Data excerpts:
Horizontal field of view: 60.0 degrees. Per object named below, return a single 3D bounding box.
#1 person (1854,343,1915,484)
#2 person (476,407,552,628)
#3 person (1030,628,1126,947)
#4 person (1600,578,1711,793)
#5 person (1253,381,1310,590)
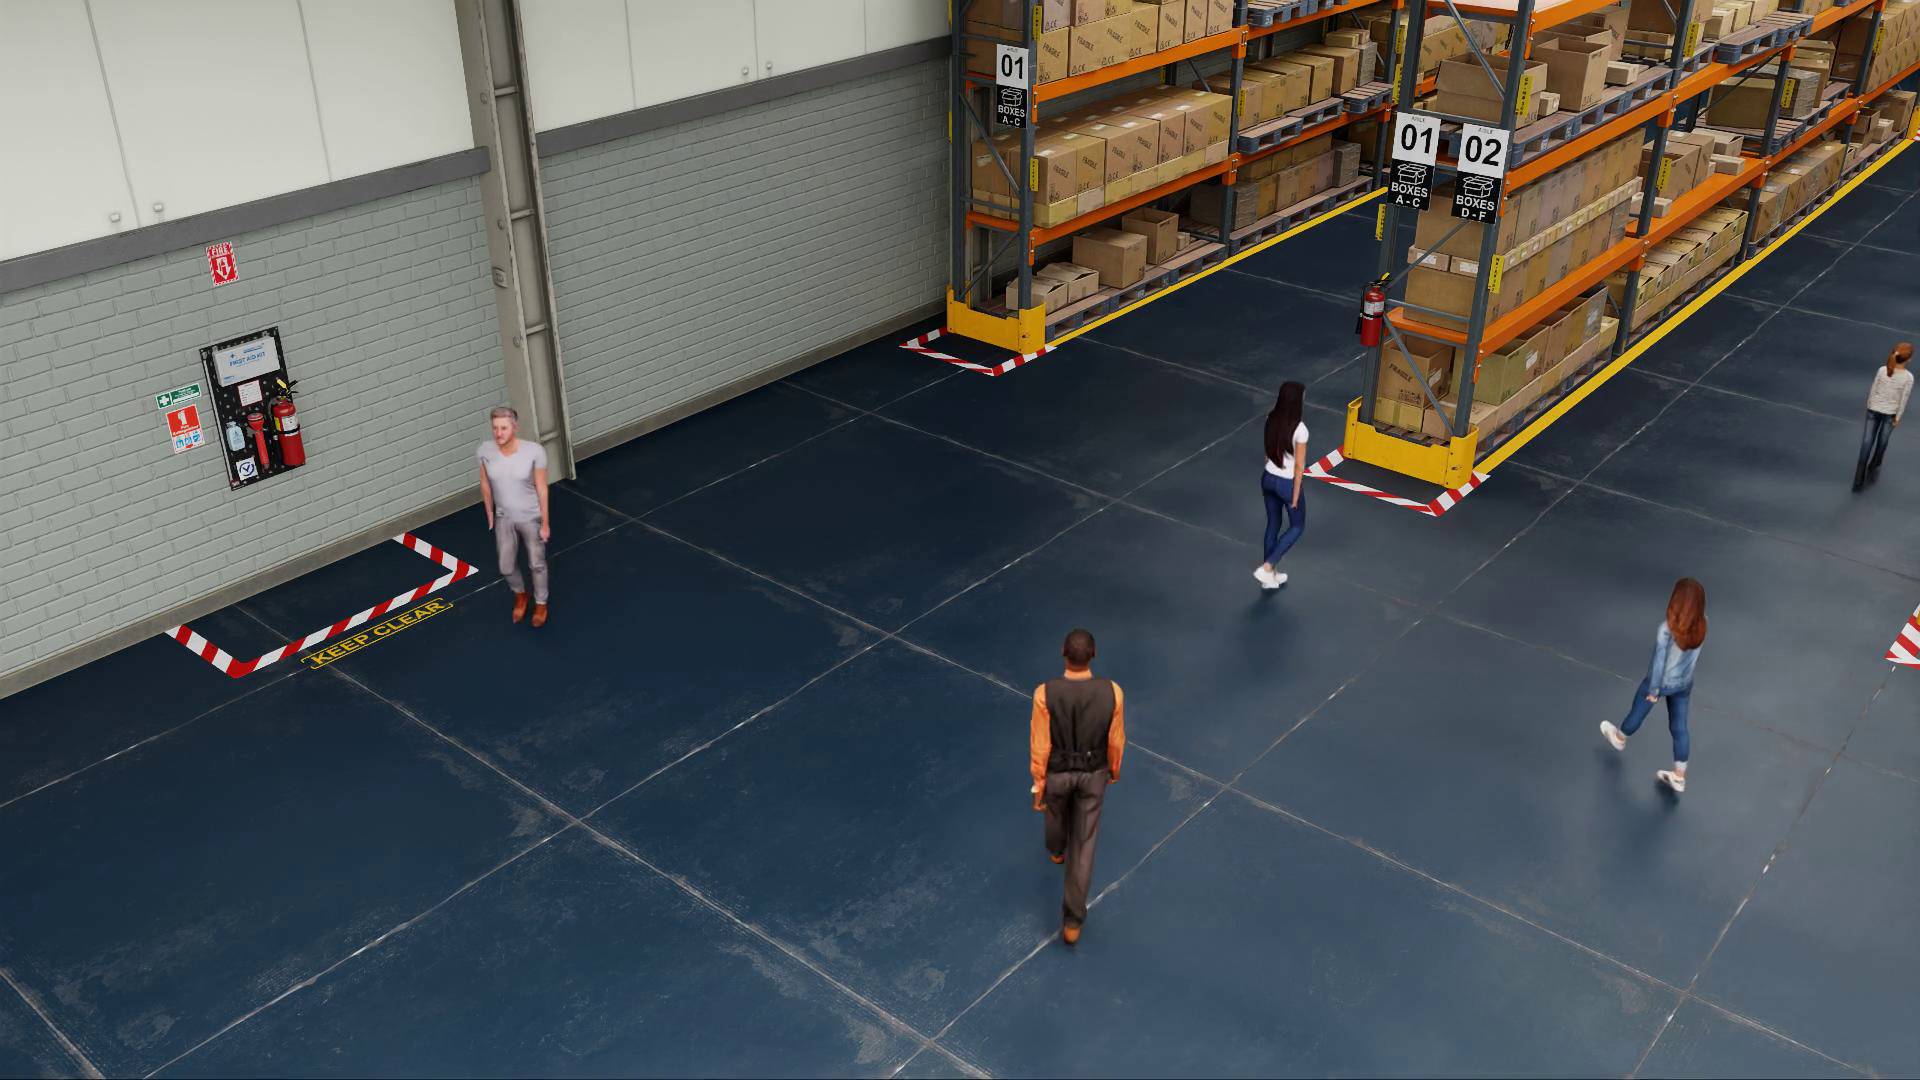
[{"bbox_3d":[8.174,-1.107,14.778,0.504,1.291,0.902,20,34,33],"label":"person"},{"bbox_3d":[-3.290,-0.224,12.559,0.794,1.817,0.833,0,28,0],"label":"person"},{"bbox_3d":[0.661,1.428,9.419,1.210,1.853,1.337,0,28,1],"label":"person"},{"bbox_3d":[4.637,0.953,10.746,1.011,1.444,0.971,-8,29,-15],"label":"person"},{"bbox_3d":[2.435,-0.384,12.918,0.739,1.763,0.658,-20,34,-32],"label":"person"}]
--
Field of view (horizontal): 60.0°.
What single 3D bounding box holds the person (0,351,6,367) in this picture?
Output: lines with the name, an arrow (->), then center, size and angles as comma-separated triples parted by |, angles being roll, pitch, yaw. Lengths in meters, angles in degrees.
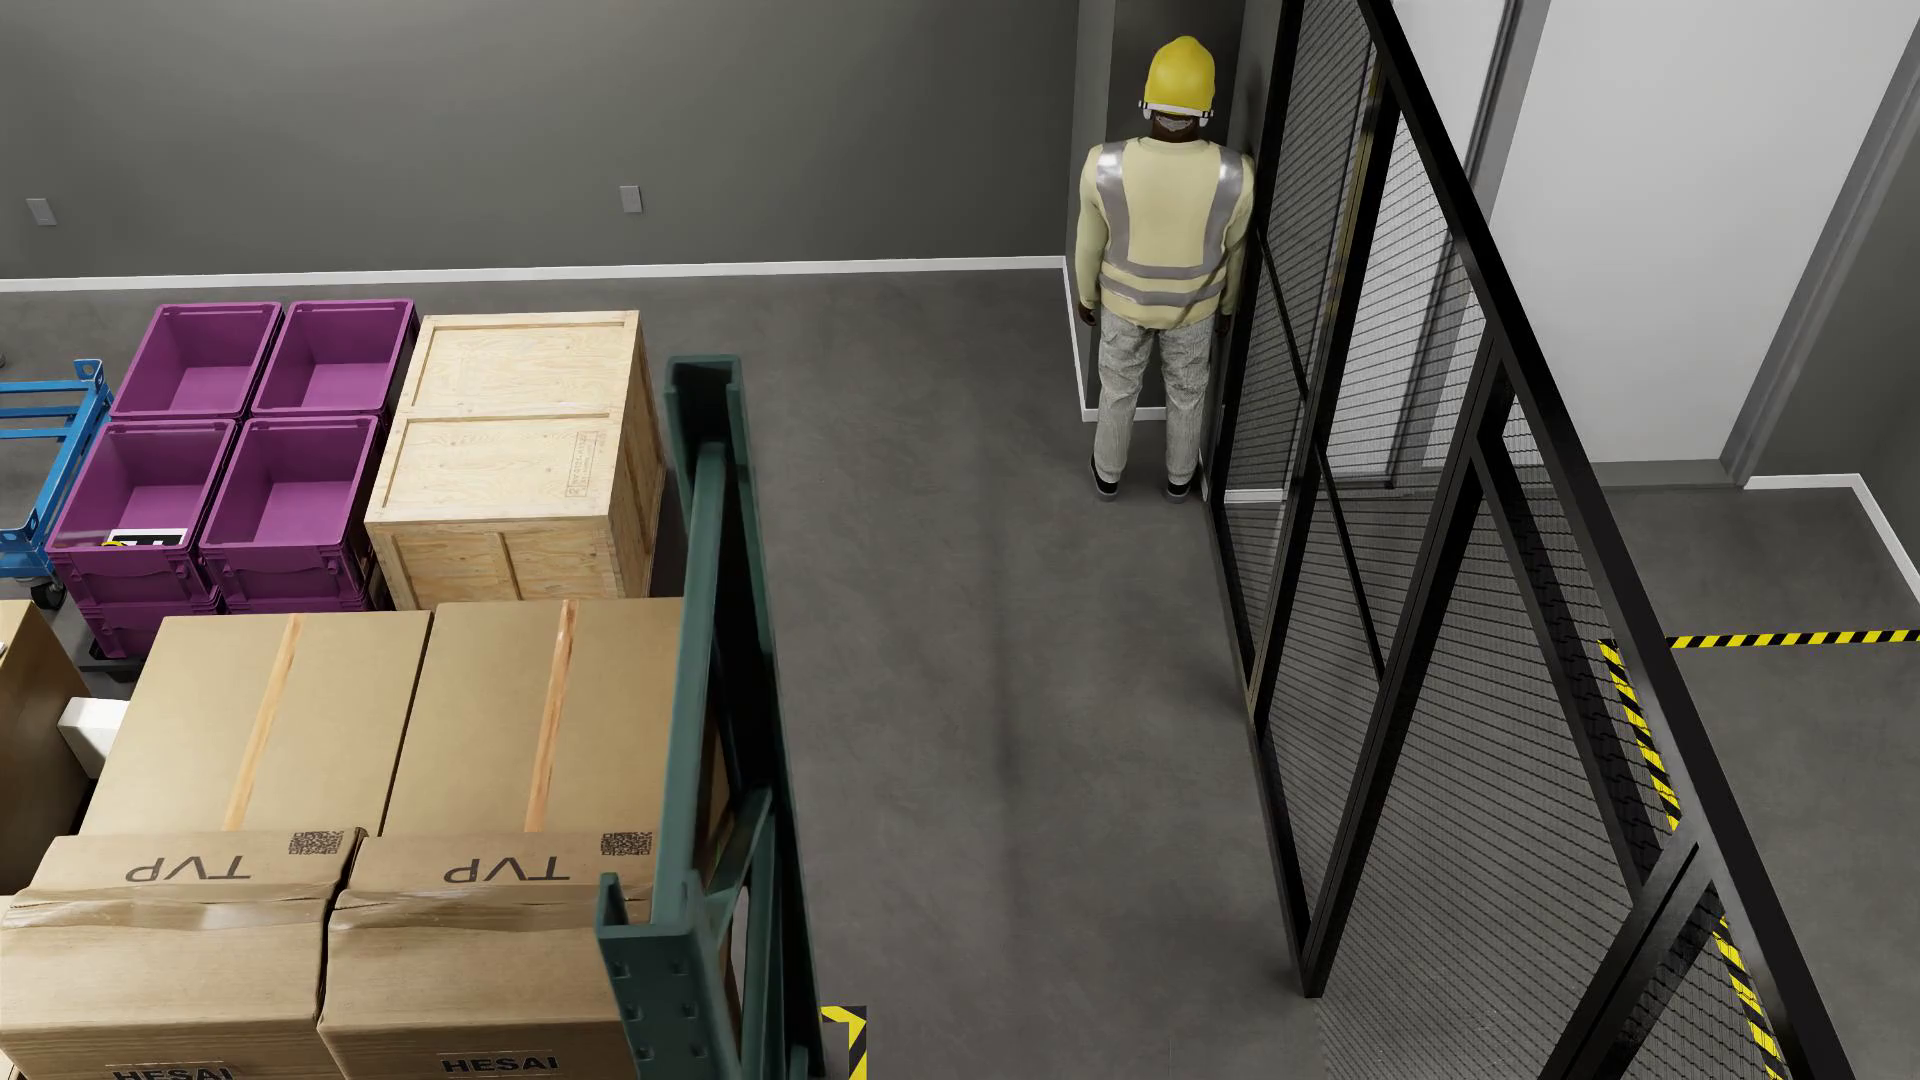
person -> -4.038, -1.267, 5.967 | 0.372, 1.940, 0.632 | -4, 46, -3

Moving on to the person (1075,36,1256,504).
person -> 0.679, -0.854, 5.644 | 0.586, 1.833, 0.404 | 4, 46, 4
--
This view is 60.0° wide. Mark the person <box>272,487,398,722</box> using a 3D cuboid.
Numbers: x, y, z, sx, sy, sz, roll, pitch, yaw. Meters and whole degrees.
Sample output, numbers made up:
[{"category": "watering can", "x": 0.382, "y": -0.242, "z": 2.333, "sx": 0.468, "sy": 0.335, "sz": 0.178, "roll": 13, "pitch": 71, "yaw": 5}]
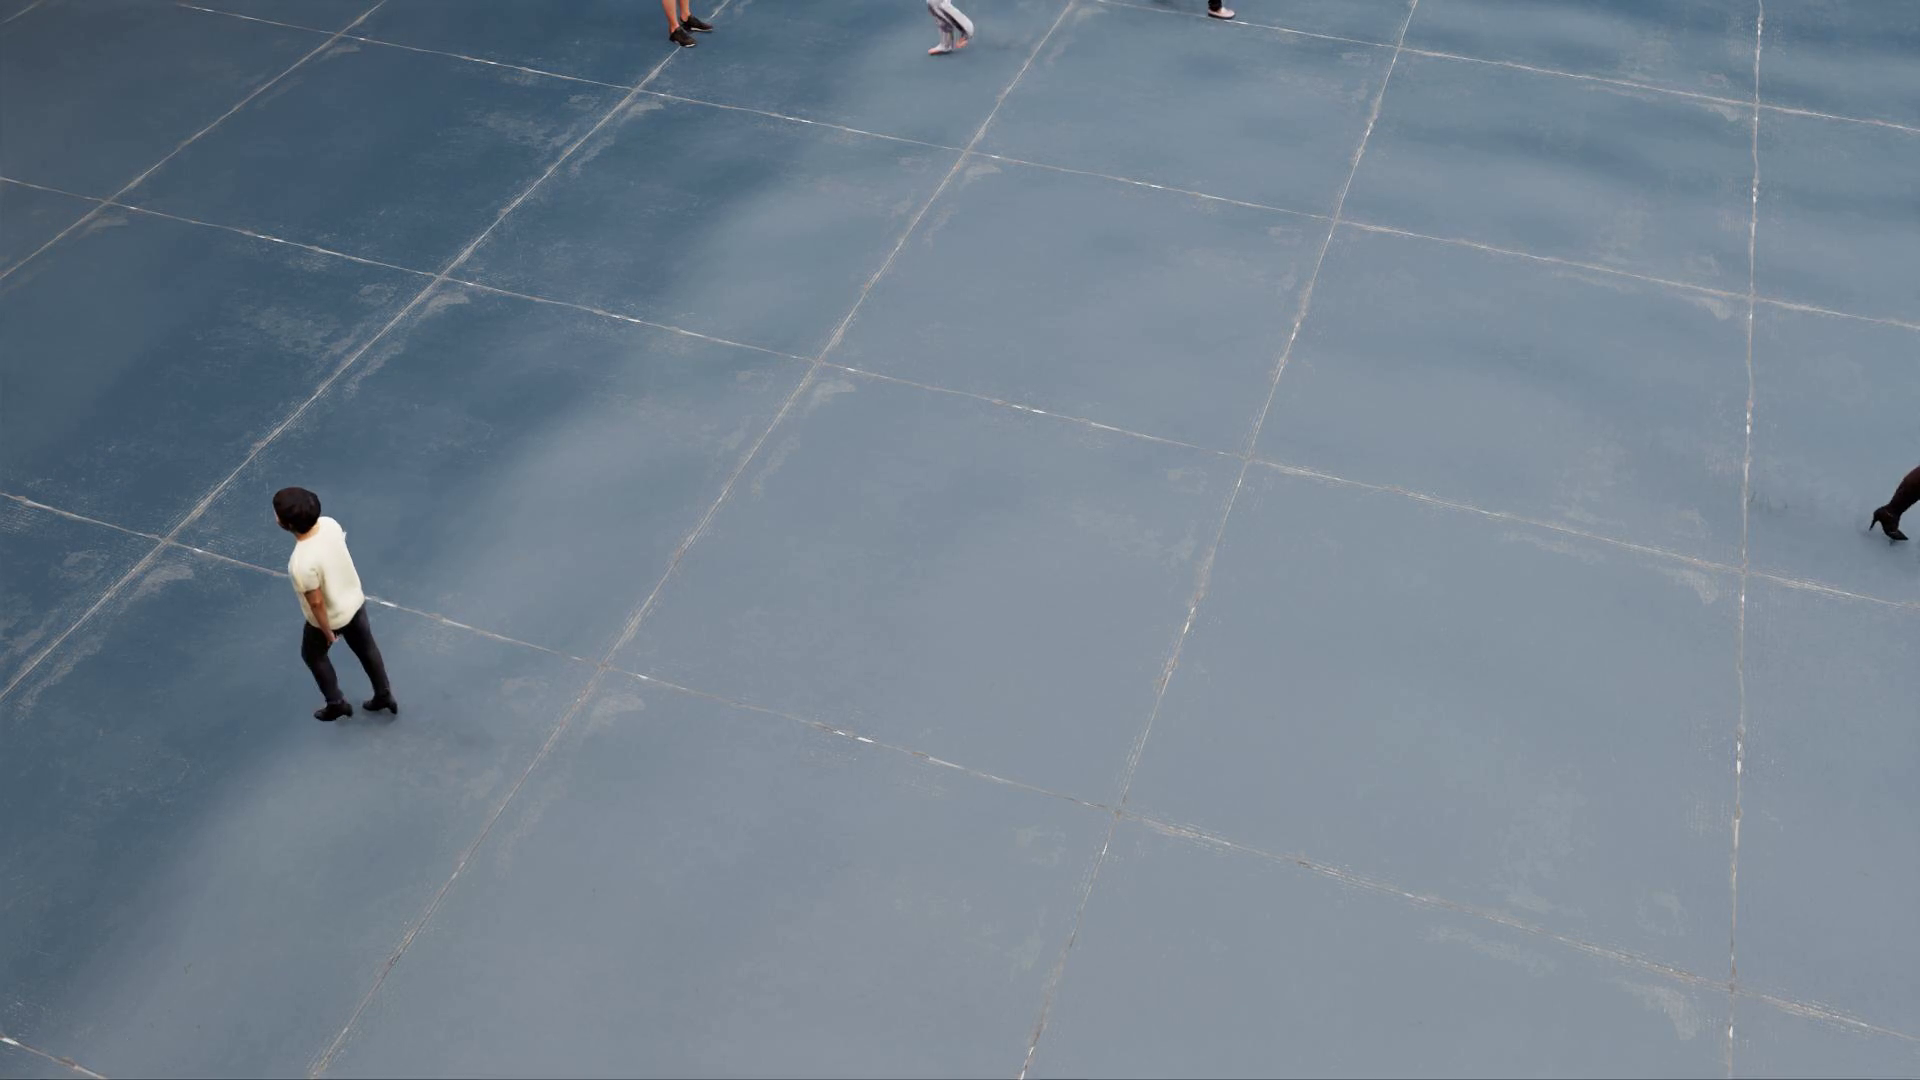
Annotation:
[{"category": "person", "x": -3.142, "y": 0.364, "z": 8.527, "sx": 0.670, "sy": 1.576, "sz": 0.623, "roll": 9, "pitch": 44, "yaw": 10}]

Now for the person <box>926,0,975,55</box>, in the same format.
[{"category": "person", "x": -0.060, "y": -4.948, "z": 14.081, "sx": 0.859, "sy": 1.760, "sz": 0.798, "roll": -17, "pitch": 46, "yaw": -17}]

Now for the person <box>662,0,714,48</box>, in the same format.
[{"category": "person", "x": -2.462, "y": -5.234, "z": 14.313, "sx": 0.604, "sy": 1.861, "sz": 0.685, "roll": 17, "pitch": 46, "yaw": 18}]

▶ **Work order**
Among the lines of the preceding data, which ones hold the word "bounding"? List them.

▶ **Reply**
Horizontal field of view: 60.0 degrees. Per object named below, return a single 3D bounding box.
What single 3D bounding box holds the person (0,351,6,367) in this picture?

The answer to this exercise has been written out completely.